**PROBLEM TO SOLVE:** Only one stretch of the data below should be repeated: the lines from the line containing "5) handbag [173,303,183,325]" through the line containing "Fit a 3D cuboid to each item on this list.", inclusive, exactly as they are.
════════════════════
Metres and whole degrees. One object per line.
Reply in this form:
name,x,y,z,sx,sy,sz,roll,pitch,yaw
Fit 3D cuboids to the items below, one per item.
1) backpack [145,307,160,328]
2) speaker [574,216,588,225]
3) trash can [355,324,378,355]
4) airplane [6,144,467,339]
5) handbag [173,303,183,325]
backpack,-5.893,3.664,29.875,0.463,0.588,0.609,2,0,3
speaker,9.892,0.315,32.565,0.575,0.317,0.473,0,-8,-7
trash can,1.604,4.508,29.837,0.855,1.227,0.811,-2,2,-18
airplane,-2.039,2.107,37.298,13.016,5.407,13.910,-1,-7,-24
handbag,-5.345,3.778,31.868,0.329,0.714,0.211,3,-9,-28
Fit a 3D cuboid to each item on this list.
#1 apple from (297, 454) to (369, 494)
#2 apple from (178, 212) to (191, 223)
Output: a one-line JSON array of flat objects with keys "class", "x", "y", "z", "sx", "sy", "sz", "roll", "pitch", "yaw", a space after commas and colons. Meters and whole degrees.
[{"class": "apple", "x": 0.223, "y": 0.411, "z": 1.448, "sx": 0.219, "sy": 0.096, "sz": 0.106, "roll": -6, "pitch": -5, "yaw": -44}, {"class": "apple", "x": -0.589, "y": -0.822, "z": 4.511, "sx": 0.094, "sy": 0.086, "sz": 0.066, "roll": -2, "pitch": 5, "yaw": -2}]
════════════════════
**COMPLETED EXERCISE:**
5) handbag [173,303,183,325]
backpack,-5.893,3.664,29.875,0.463,0.588,0.609,2,0,3
speaker,9.892,0.315,32.565,0.575,0.317,0.473,0,-8,-7
trash can,1.604,4.508,29.837,0.855,1.227,0.811,-2,2,-18
airplane,-2.039,2.107,37.298,13.016,5.407,13.910,-1,-7,-24
handbag,-5.345,3.778,31.868,0.329,0.714,0.211,3,-9,-28
Fit a 3D cuboid to each item on this list.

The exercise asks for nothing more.